Sample size determination is the process of calculating the number of units to be included in a sample that would most appropriately represent the population characteristics.
The word appropriately is used because, no sample can exactly replicate the population characteristics. Thus, the interviewer has to decide on the level of confidence required by him on the sample, the percentage of margin of error he is ready to accept and the expected standard deviation, in order to determine the sample size.

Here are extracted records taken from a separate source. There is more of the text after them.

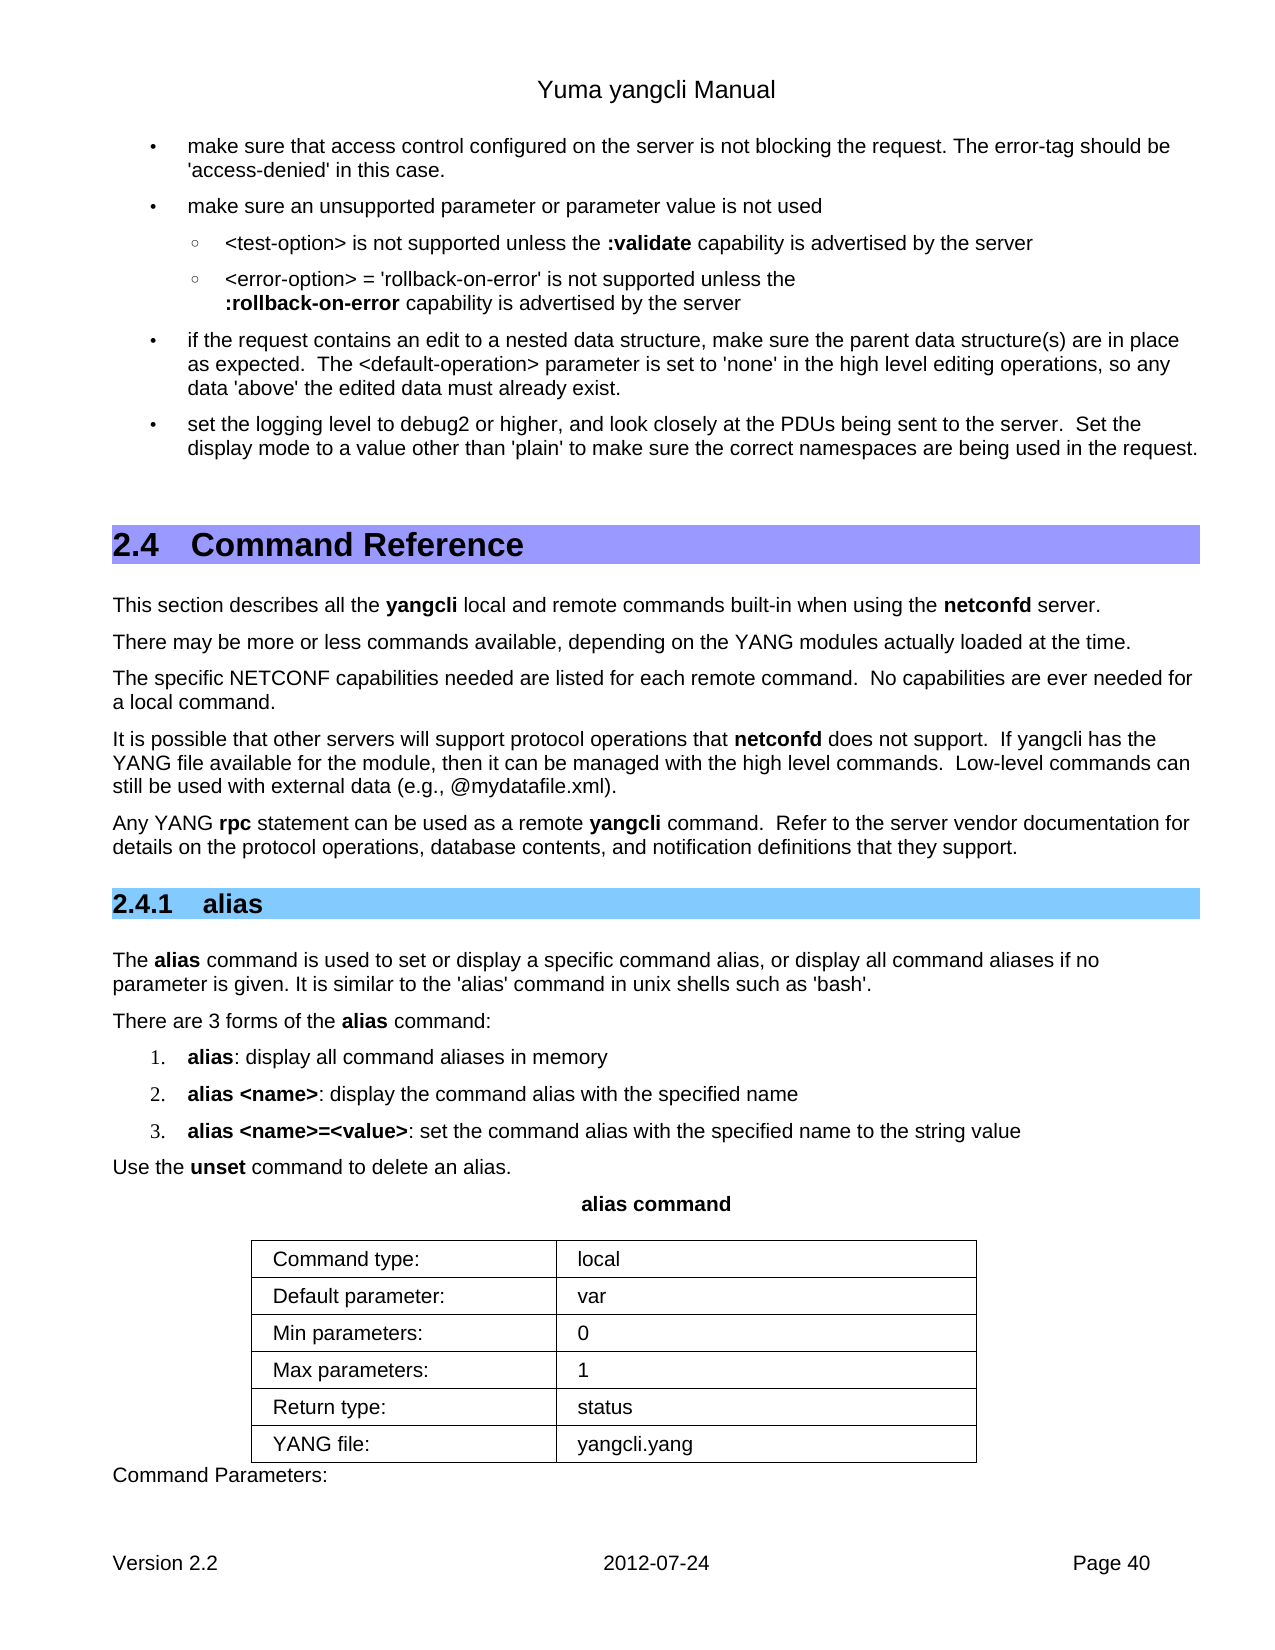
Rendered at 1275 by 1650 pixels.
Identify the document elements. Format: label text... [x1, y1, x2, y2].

table_cell YANG file: [252, 1426, 556, 1462]
table_cell 1 [557, 1352, 976, 1388]
table_cell Return type: [252, 1389, 556, 1425]
list <error-option> = 'rollback-on-error' is not supported unless the :rollback-on-error capability is advertised by the server [187, 267, 1200, 315]
table_cell Max parameters: [252, 1352, 556, 1388]
list make sure an unsupported parameter or parameter value is not used [150, 194, 1200, 218]
text Use the unset command to delete an alias. [112, 1155, 1200, 1179]
text There may be more or less commands available, depending on the YANG modules actually loaded at the time. [112, 629, 1200, 653]
table_cell status [557, 1389, 976, 1425]
text There are 3 forms of the alias command: [112, 1009, 1200, 1033]
list alias <name>: display the command alias with the specified name [150, 1082, 1200, 1106]
subtitle alias command [127, 1192, 1185, 1216]
table_cell yangcli.yang [557, 1426, 976, 1462]
text Any YANG rpc statement can be used as a remote yangcli command. Refer to the server vendor documentation for details on the protocol operations, database contents, and notification definitions that they support. [112, 811, 1200, 859]
list <test-option> is not supported unless the :validate capability is advertised by the server [187, 231, 1200, 254]
table_cell 0 [557, 1315, 976, 1351]
list set the logging level to debug2 or higher, and look closely at the PDUs being sent to the server. Set the display mode to a value other than 'plain' to make sure the correct namespaces are being used in the request. [150, 412, 1200, 460]
table_header Command type: [252, 1241, 556, 1277]
list alias: display all command aliases in memory [150, 1045, 1200, 1069]
list if the request contains an edit to a nested data structure, make sure the parent data structure(s) are in place as expected. The <default-operation> parameter is set to 'none' in the high level editing operations, so any data 'above' the edited data must already exist. [150, 327, 1200, 399]
list alias <name>=<value>: set the command alias with the specified name to the string value [150, 1118, 1200, 1143]
table_header local [557, 1241, 976, 1277]
text Command Parameters: [112, 1463, 1200, 1487]
text The alias command is used to set or display a specific command alias, or display all command aliases if no parameter is given. It is similar to the 'alias' command in unix shells such as 'bash'. [112, 948, 1200, 996]
table_cell Default parameter: [252, 1278, 556, 1314]
text This section describes all the yangcli local and remote commands built-in when using the netconfd server. [112, 593, 1200, 617]
list make sure that access control configured on the server is not blocking the request. The error-tag should be 'access-denied' in this case. [150, 134, 1200, 182]
text It is possible that other servers will support protocol operations that netconfd does not support. If yangcli has the YANG file available for the module, then it can be managed with the high level commands. Low-level commands can still be used with external data (e.g., @mydatafile.xml). [112, 726, 1200, 798]
table_cell var [557, 1278, 976, 1314]
table_cell Min parameters: [252, 1315, 556, 1351]
subtitle alias [112, 888, 1200, 919]
subtitle Command Reference [112, 525, 1200, 564]
text The specific NETCONF capabilities needed are listed for each remote command. No capabilities are ever needed for a local command. [112, 666, 1200, 714]
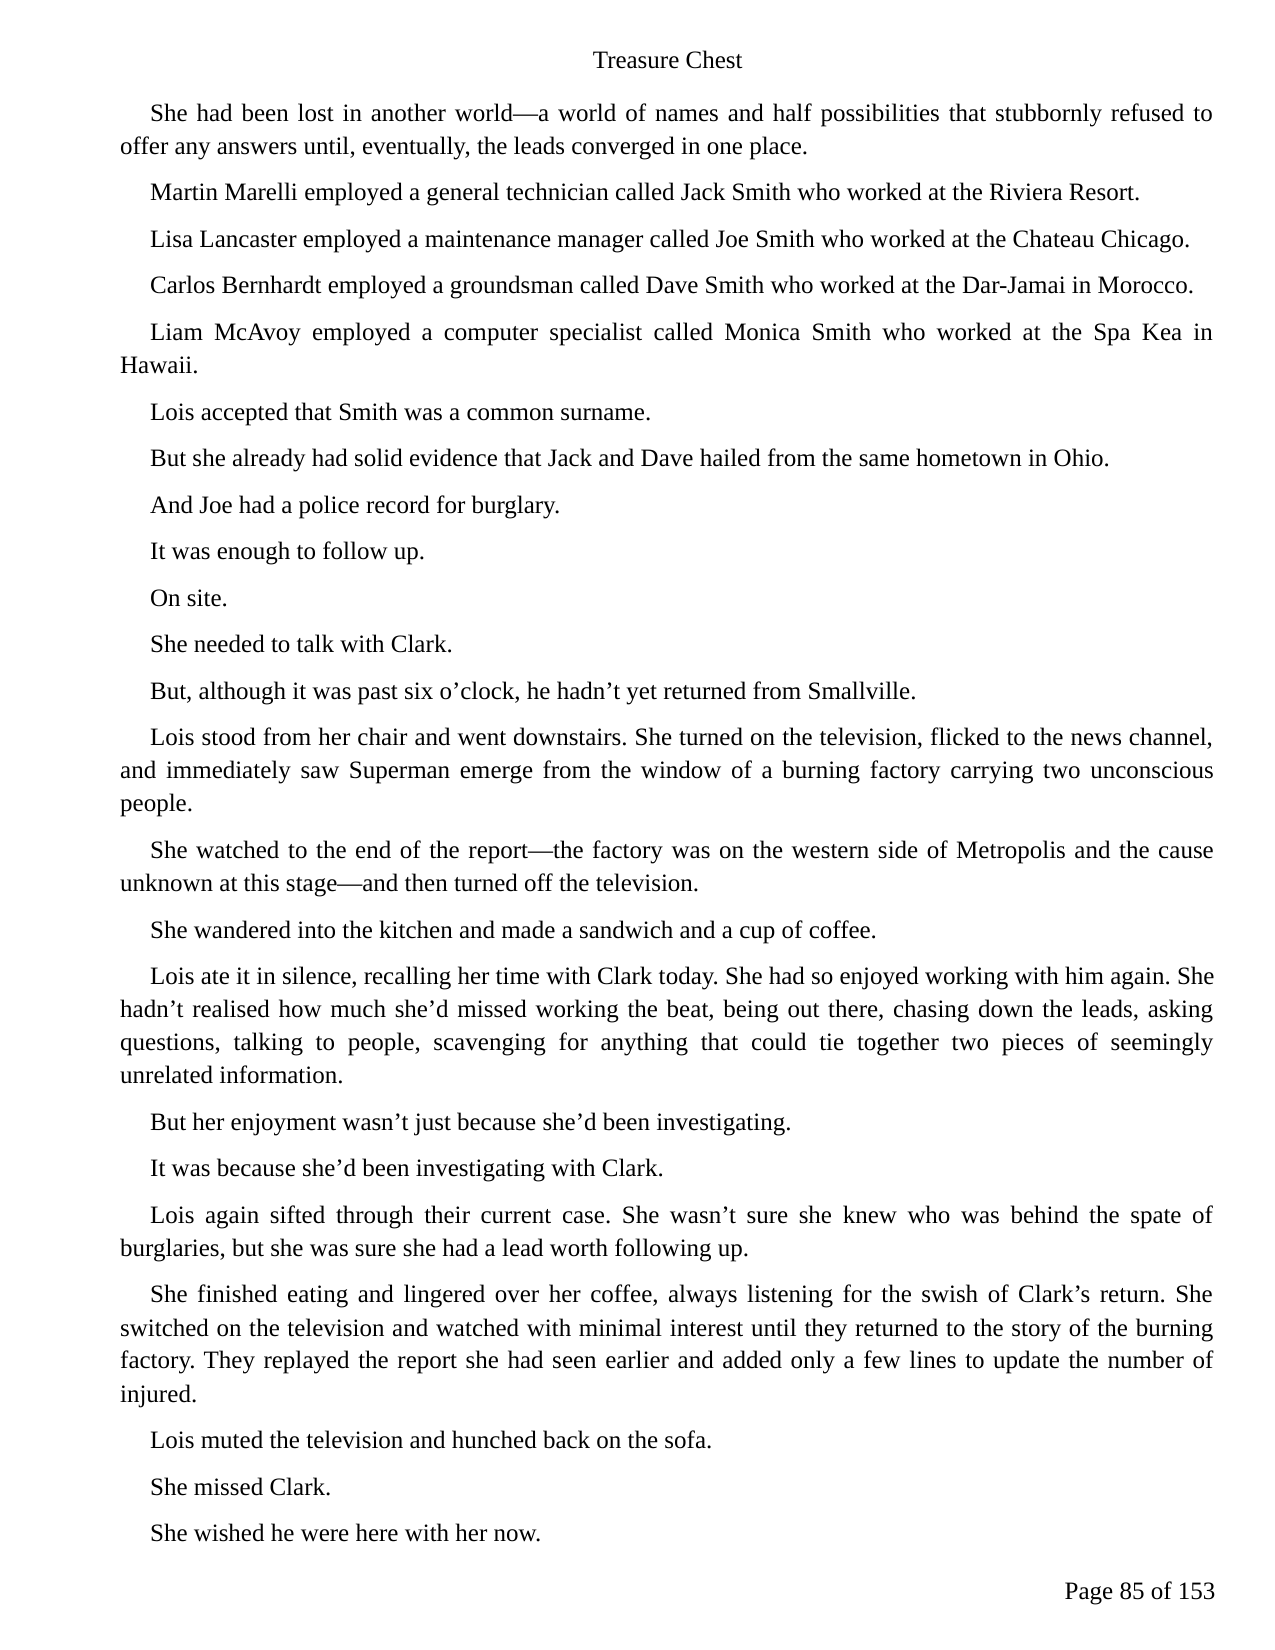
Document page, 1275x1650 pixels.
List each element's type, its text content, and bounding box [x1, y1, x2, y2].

text It was enough to follow up. [120, 536, 1215, 565]
text Lois accepted that Smith was a common surname. [120, 397, 1215, 425]
text Lois stood from her chair and went downstairs. She turned on the television, flicked to the news channel, and immediately saw Superman emerge from the window of a burning factory carrying two unconscious people. [120, 722, 1215, 817]
text Martin Marelli employed a general technician called Jack Smith who worked at the Riviera Resort. [120, 177, 1215, 206]
text She needed to talk with Clark. [120, 629, 1215, 658]
text But she already had solid evidence that Jack and Dave hailed from the same hometown in Ohio. [120, 443, 1215, 472]
text Lois muted the television and hunched back on the sofa. [120, 1425, 1215, 1454]
text But, although it was past six o’clock, he hadn’t yet returned from Smallville. [120, 676, 1215, 705]
text And Joe had a police record for burglary. [120, 490, 1215, 518]
text Carlos Bernhardt employed a groundsman called Dave Smith who worked at the Dar-Jamai in Morocco. [120, 270, 1215, 299]
text Lois ate it in silence, recalling her time with Clark today. She had so enjoyed working with him again. She hadn’t realised how much she’d missed working the beat, being out there, chasing down the leads, asking questions, talking to people, scavenging for anything that could tie together two pieces of seemingly unrelated information. [120, 961, 1215, 1089]
text She missed Clark. [120, 1472, 1215, 1501]
text She wandered into the kitchen and made a sandwich and a cup of coffee. [120, 915, 1215, 943]
text She wished he were here with her now. [120, 1518, 1215, 1547]
text Lois again sifted through their current case. She wasn’t sure she knew who was behind the spate of burglaries, but she was sure she had a lead worth following up. [120, 1200, 1215, 1262]
text She had been lost in another world—a world of names and half possibilities that stubbornly refused to offer any answers until, eventually, the leads converged in one place. [120, 98, 1215, 159]
text She finished eating and lingered over her coffee, always listening for the swish of Clark’s return. She switched on the television and watched with minimal interest until they returned to the story of the burning factory. They replayed the report she had seen earlier and added only a few lines to update the number of injured. [120, 1279, 1215, 1407]
text On site. [120, 583, 1215, 612]
text But her enjoyment wasn’t just because she’d been investigating. [120, 1107, 1215, 1136]
text Lisa Lancaster employed a maintenance manager called Joe Smith who worked at the Chateau Chicago. [120, 224, 1215, 253]
text It was because she’d been investigating with Clark. [120, 1153, 1215, 1182]
text She watched to the end of the report—the factory was on the western side of Metropolis and the cause unknown at this stage—and then turned off the television. [120, 835, 1215, 897]
text Liam McAvoy employed a computer specialist called Monica Smith who worked at the Spa Kea in Hawaii. [120, 317, 1215, 379]

Enter the following details:

Confidence level:  

Standard deviation: (%)

Margin of error: (%)

Size of the actual population:  


Sample size:  

The formula for finding the sample size is:
\[n={\left(z\frac{\sigma }{M.E}\right)}^2\]
\(n\) is the sample size that has to be calculated.
\(M.E\) refers to the margin of error. The margin of error is the percentage of deviation of results from the mean value that the interviewer is ready to accept. For example, if a margin of error of \(5\ \%\) is selected, it means that the results obtained will vary by \(+\ or-5\ \%\) from the mean value. Requiring a very low margin of error would mean that the sample size must be very large. The results from a small sample would have a very high margin of error.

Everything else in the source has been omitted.